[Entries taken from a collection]
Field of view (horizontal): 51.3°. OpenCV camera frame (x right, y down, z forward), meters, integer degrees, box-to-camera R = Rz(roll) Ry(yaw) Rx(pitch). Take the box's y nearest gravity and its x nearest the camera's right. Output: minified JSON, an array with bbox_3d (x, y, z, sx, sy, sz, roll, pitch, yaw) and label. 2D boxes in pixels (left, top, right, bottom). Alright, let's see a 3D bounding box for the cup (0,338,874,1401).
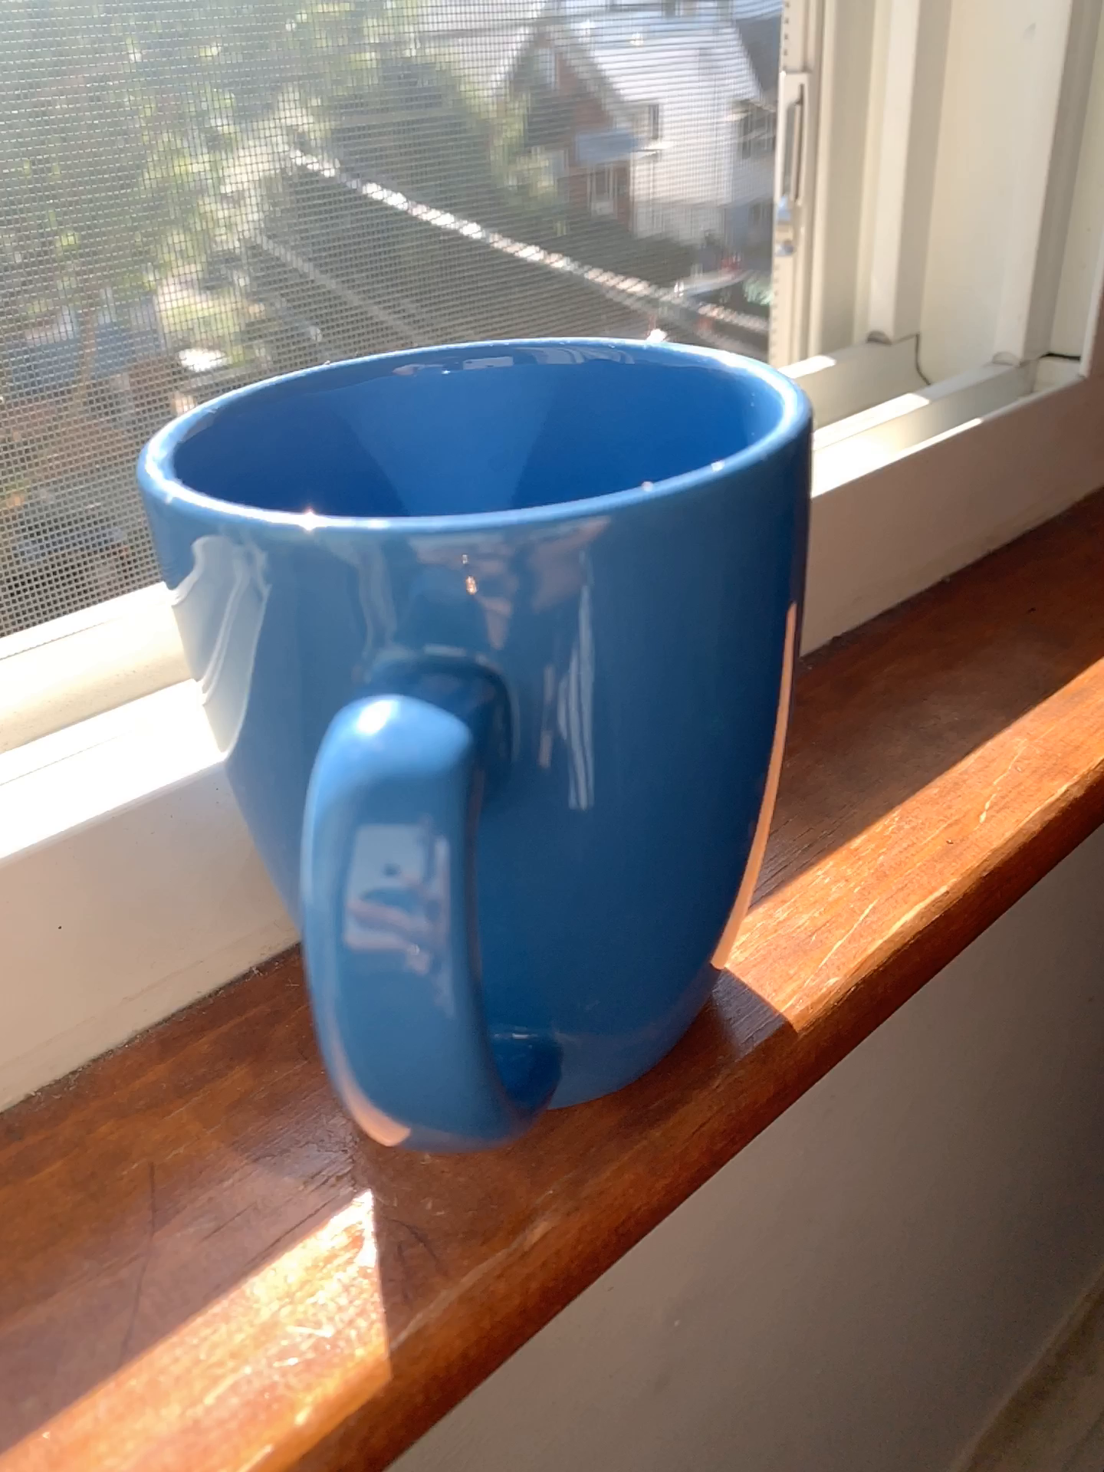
[{"bbox_3d":[-0.007,0.006,0.163,0.081,0.095,0.114,2,31,8],"label":"cup"}]
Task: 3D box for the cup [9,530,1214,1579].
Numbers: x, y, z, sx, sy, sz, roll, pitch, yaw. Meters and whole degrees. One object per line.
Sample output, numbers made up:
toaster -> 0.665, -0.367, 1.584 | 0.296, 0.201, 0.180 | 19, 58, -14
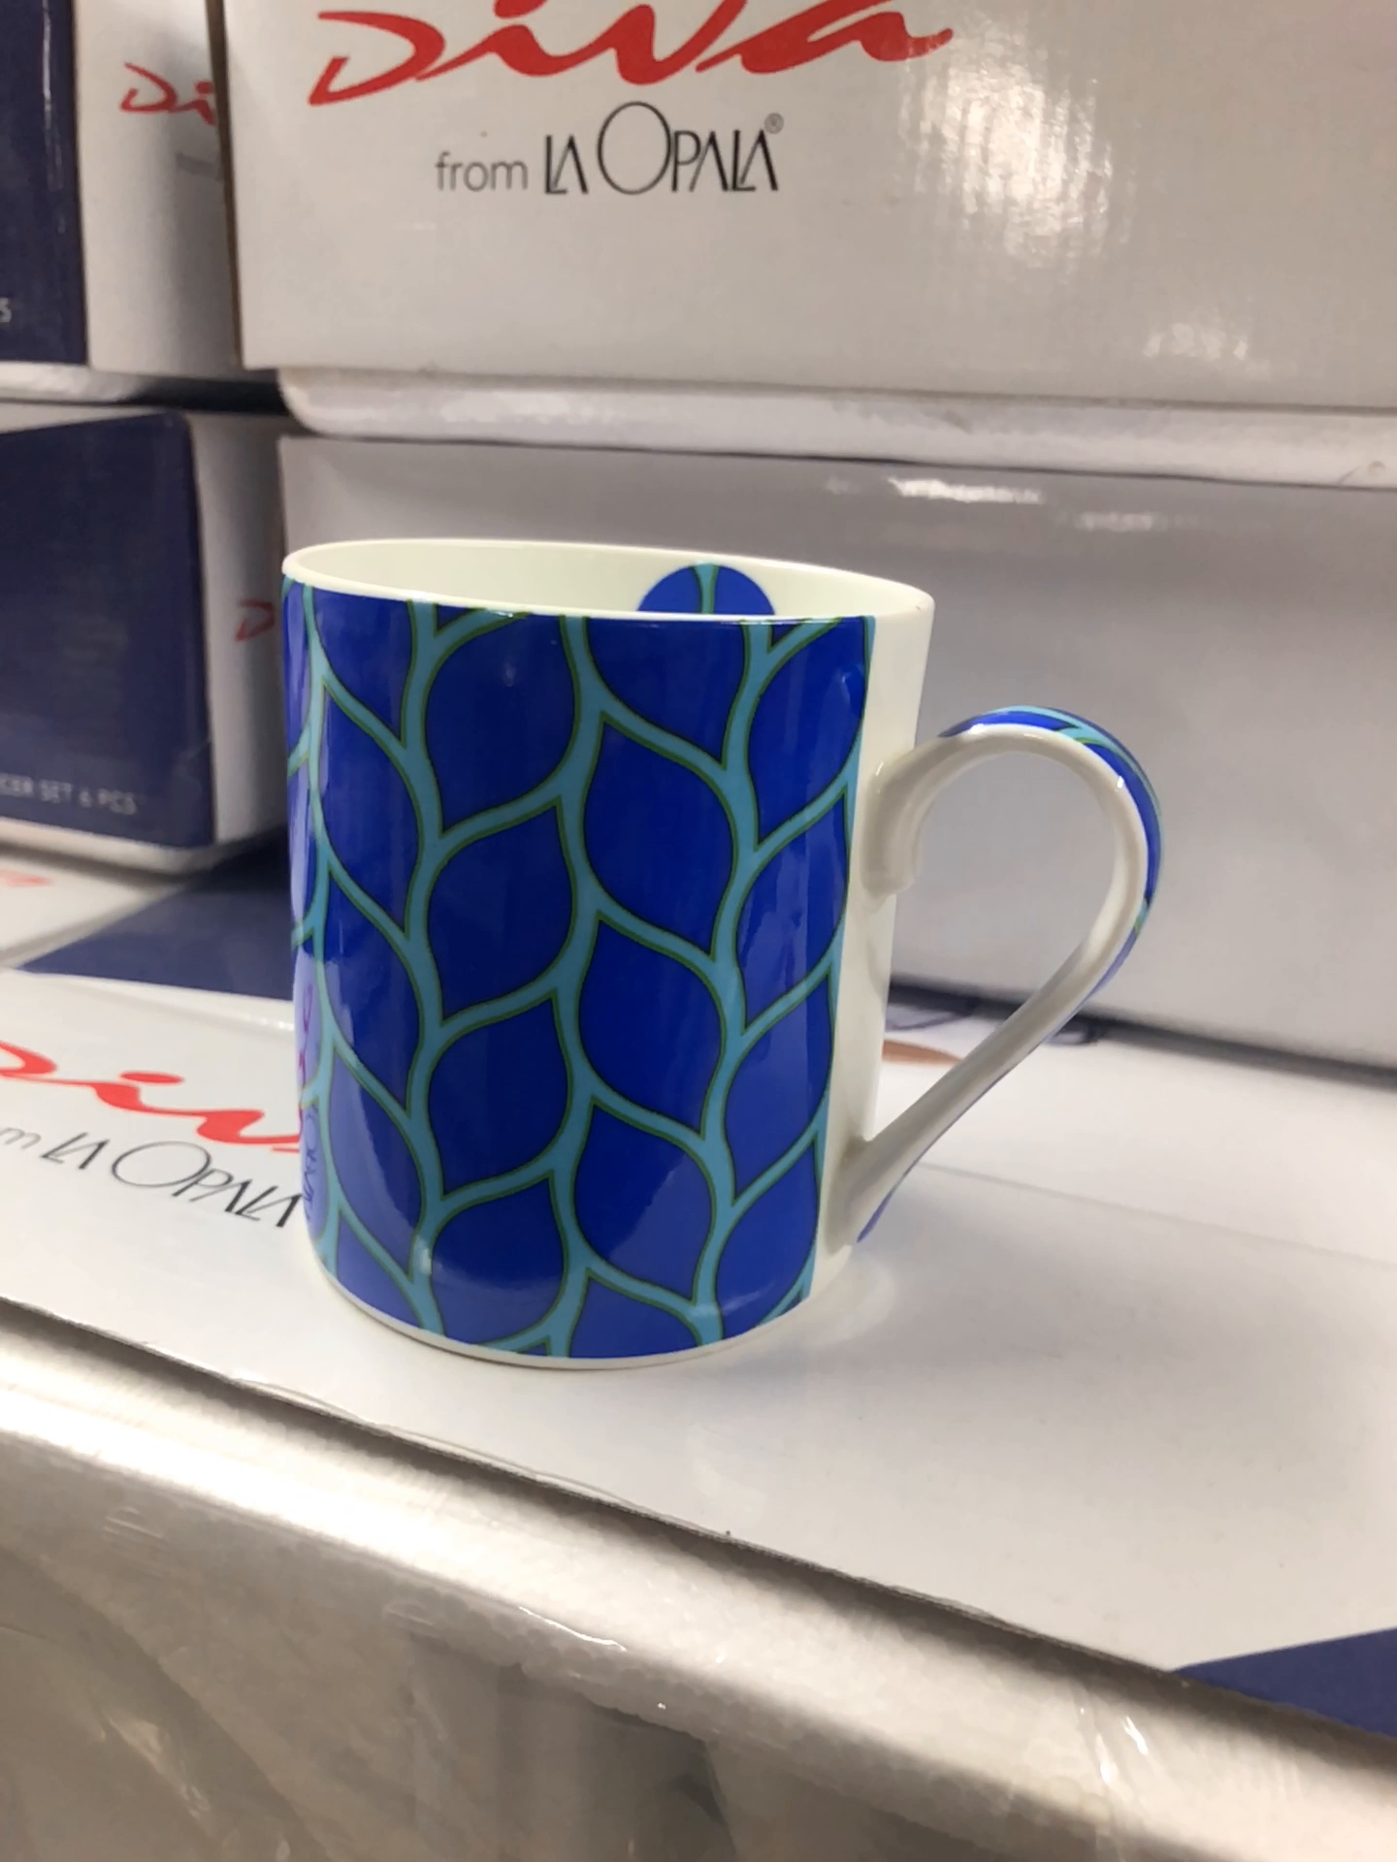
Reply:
cup -> -0.006, 0.002, 0.200 | 0.120, 0.090, 0.080 | 9, 20, 18

> _WORK REQUEST_: Each record above goes into the copy unchanged; the pictures do not.

> _ANSWER FOR THIS EXERCISE_:
Field of view (horizontal): 51.3°. OpenCV camera frame (x right, y down, z forward), meters, integer degrees, box-to-camera R = Rz(roll) Ry(yaw) Rx(pitch). Take the box's y nearest gravity and its x nearest the camera's right. Output: minified JSON, an array with bbox_3d (x, y, z, sx, sy, sz, roll, pitch, yaw) and label. 2D boxes in pixels (left, top, right, bottom). Alright, let's see a 3D bounding box for the cup (0,338,874,1401).
[{"bbox_3d":[-0.007,0.006,0.163,0.081,0.095,0.114,2,31,8],"label":"cup"}]
Task: 3D box for the cup [9,530,1214,1579].
Numbers: x, y, z, sx, sy, sz, roll, pitch, yaw. Meters and whole degrees. One object per line.
Sample output, numbers made up:
toaster -> 0.665, -0.367, 1.584 | 0.296, 0.201, 0.180 | 19, 58, -14
Reply:
cup -> -0.006, 0.002, 0.200 | 0.120, 0.090, 0.080 | 9, 20, 18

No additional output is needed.